Tips & Tricks for developing tactile skills
What do you recommend to help small hands with grip strength?
There are so many activities we can use to assist children in developing the muscles in their hands and in turn, their grip strength. The most important thing is to encourage your child to have a go at doing things on their own before you jump in and help. Opening jars, turning taps on and off, and doing up their zips and buttons are all good places to start.
Aside from this, any activities that encourage squeezing, such as playing with Blu Tack, putty, or clay are winners. Hiding animals or jewels in Blu Tack adds extra motivation for a child that finds fine motor tasks difficult and may shy away from them. Household items such as pegs, tongs, and tweezers can be fun to play with too, are super easy to set up, and make minimal mess.

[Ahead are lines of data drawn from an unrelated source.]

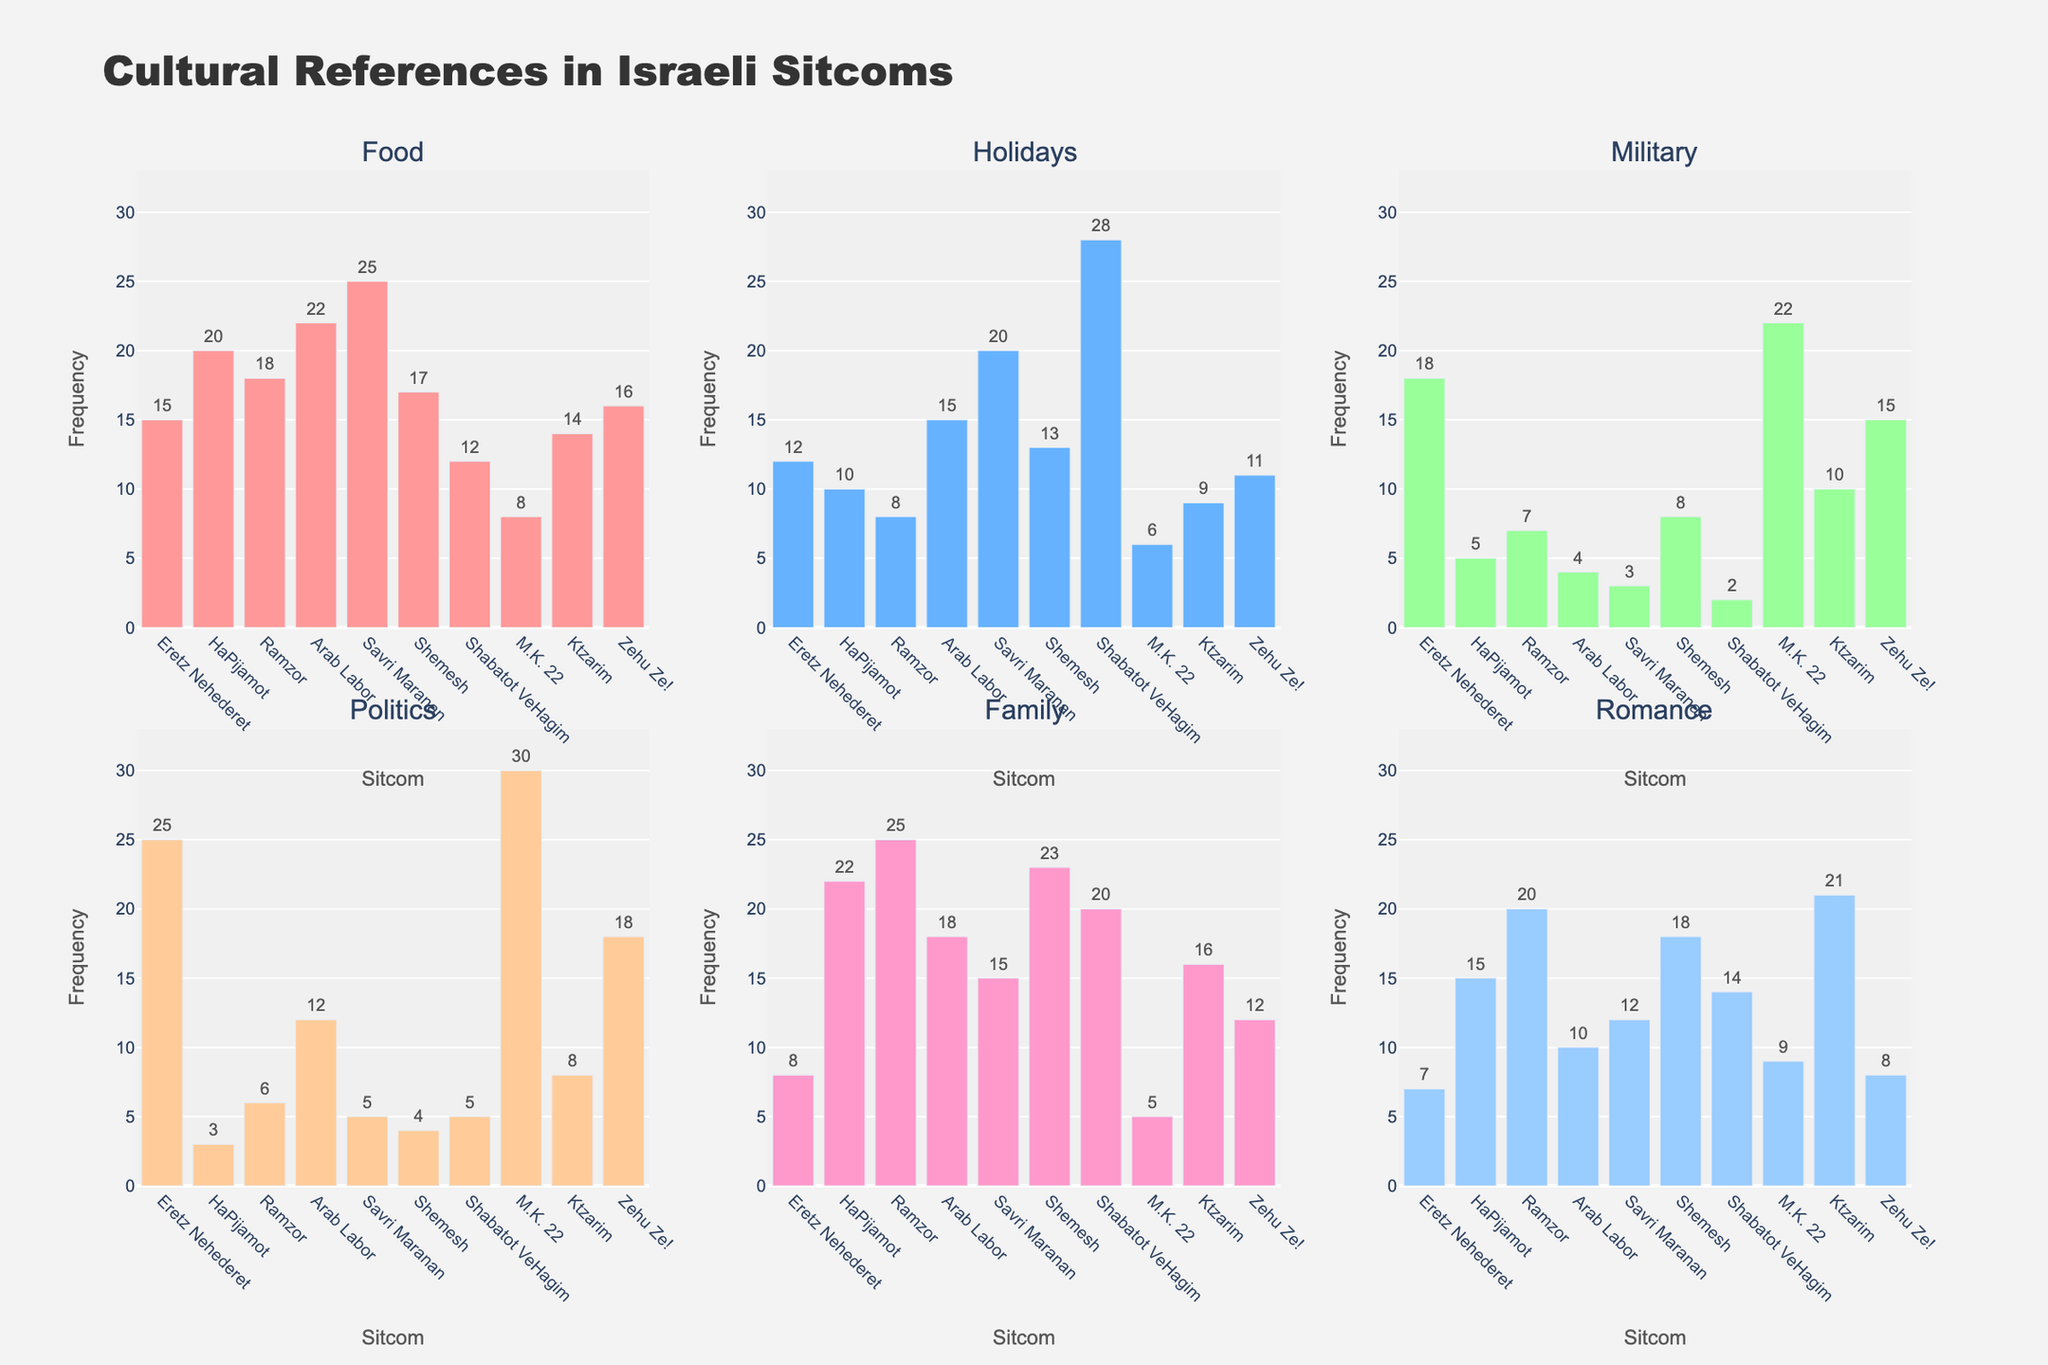What's the title of the figure? The title of the figure is found at the top center of the figure, and it provides a summary of what the figure is about.
Answer: Allocation of Educational Resources Across School Districts Which school district has the highest percentage allocation for Instruction? By examining each pie chart, identify the slice labeled "Instruction" in each district. Compare the percentages to find the highest value.
Answer: Sunnyside Elementary What is the combined percentage of Administration and Operations for Riverside Unified? Locate the Riverside Unified pie chart, find the slices for Administration and Operations, and add their percentages together (14% + 16%).
Answer: 30% How does the percentage allocated to Support Services in Pine Valley District compare to the same in Highland Secondary? Identify the Support Services slices in both Pine Valley and Highland Secondary. Compare their percentages (10% in Pine Valley vs. 11% in Highland Secondary).
Answer: Pine Valley District has 1% less Which district has the most balanced allocation across all expenditure types? Look at the slices in each district's pie chart and identify the district where the slices are most uniform in size.
Answer: Highland Secondary What is the average percentage allocation for Extracurricular activities across all districts? Find the percentage for Extracurricular activities in each district, add them together (3% + 3% + 3% + 3% + 3% + 3% + 3% = 21%), then divide by the number of districts (21%/7).
Answer: 3% Is there any district where Instruction takes more than 60% of the total allocation? Check each district’s pie chart for the slice labeled "Instruction" and see if any percentage exceeds 60%.
Answer: Fairview School District, Sunnyside Elementary What's the difference in percentage allocation to Operations between Oakridge Public Schools and Meadowbrook Schools? Identify the percentage for Operations in both Oakridge Public Schools (17%) and Meadowbrook Schools (16%). Calculate the difference (17% - 16%).
Answer: 1% Which district allocates the least to Administration? Compare the Administration slices across all districts and find the lowest percentage.
Answer: Sunnyside Elementary What is the percentage allocation for Support Services in districts where the percentage for Operations is greater than 15%? Select districts where Operations > 15% (Riverside Unified, Oakridge Public Schools, Pine Valley District, Highland Secondary), then find the Support Services percentages in these districts (9% + 9% + 10% + 11%). Analyze these percentages.
Answer: 9%, 9%, 10%, 11%

Water play also gives lots of fun options, especially in the warmer weather! Kids love doing the things we hate doing, like squeezing or twisting the water out of sponges and cleaning cloths. You could also provide pipettes so that children can draw up small amounts of water and use it to melt ice or do water art. This is even more fun when paired with small plastic animals frozen in the ice where kids can use the water in the pipette to slowly melt the ice and set the animals free. Whilst you are immersed in water play, you could also provide spray bottles as pulling that little trigger can be tricky for small hands.
Other tasks you can do in the home that don’t require any extra materials include helping with cooking (think cookie dough rolling, stirring using a spoon, cutting with a child-safe knife, cracking eggs ). You would probably be surprised at how many opportunities you can give your child during a regular day if you just step back and let them do it themselves (Time and patience permitting!).

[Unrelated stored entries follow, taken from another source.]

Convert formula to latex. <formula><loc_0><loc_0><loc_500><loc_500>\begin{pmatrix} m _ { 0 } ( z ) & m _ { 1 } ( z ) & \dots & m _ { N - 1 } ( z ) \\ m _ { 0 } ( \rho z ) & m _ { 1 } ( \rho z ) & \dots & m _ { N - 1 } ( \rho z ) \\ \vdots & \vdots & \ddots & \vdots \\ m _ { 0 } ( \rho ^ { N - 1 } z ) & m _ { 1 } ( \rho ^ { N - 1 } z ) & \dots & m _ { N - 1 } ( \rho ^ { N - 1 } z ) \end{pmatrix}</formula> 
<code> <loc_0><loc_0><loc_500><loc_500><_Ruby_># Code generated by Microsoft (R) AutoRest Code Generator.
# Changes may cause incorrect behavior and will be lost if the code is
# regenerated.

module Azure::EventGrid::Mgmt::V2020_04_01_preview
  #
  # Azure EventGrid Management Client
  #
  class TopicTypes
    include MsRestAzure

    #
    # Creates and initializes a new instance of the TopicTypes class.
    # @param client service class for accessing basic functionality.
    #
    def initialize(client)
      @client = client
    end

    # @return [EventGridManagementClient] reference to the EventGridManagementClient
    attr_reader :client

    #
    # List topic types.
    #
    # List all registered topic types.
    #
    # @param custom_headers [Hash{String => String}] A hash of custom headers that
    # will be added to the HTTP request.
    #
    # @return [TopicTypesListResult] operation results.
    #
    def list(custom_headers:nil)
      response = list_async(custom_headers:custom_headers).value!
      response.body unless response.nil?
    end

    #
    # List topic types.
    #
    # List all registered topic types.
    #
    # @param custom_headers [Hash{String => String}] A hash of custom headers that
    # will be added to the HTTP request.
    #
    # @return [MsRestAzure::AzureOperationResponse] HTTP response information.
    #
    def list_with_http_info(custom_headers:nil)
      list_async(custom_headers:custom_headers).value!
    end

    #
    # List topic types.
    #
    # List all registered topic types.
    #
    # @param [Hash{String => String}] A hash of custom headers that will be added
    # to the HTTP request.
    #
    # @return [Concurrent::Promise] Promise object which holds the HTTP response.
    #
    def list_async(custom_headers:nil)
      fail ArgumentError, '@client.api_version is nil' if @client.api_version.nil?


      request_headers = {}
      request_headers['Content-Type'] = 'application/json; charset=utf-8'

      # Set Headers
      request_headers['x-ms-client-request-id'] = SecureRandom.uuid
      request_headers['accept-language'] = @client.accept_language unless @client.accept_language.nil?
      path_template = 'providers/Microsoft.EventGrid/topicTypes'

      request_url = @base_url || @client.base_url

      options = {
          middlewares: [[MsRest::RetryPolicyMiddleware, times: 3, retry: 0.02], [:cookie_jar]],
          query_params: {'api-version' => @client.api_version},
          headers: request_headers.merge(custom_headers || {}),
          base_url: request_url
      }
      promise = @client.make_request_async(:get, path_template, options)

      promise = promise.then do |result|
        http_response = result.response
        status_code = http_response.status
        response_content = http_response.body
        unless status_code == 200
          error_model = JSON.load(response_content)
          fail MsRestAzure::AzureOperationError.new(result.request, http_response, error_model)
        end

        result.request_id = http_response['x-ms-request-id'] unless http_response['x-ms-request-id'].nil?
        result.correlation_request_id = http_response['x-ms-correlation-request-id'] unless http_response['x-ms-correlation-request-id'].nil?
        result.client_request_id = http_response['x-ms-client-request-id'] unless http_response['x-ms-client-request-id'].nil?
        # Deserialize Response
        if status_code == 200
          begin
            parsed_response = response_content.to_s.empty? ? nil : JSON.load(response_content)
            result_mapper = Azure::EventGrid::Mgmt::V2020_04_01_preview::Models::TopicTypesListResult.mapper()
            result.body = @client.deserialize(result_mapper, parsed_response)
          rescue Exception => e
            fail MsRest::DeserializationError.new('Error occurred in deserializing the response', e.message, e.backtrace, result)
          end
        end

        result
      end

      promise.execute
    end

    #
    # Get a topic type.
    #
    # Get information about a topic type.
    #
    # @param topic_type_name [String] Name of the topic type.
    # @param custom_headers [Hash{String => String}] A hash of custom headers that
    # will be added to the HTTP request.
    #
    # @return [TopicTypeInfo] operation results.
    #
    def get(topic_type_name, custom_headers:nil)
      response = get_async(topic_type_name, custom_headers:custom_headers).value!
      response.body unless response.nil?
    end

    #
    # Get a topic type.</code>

Are there any tasks you use more often to help develop fine motor skills?
I have both incidental and targeted lessons that I use to develop fine motor skills. Providing students with something to play with (all my students have a lump of colourful Blu Tack on their desks!) means they will be incidentally fiddling and therefore also incidentally building up their fine motor skills all day long.
I also provide Kinetic Sand, mindful colouring sheets, and Lego for free play, and I schedule specific fine motor skill lessons into my day. Children need to be explicitly taught how to cut with scissors and use glue sticks so they get just the right amount of glue in the exact perfect places. I schedule engaging and meaningful cutting and pasting craft activities to help develop these skills.
Recently my class had a try of the Bostik new triangular glue sticks. It was amazing how much easier it was to get right into those corners of the page! It was an added bonus that they didn’t roll off the table and sparked a conversation about “triangular prisms” as the class tried to work out what shape they were. They were definitely a hit.
Before children can write words to communicate they need to be able to do all the above things - so now when your child brings another cut and paste home, you’ll know why!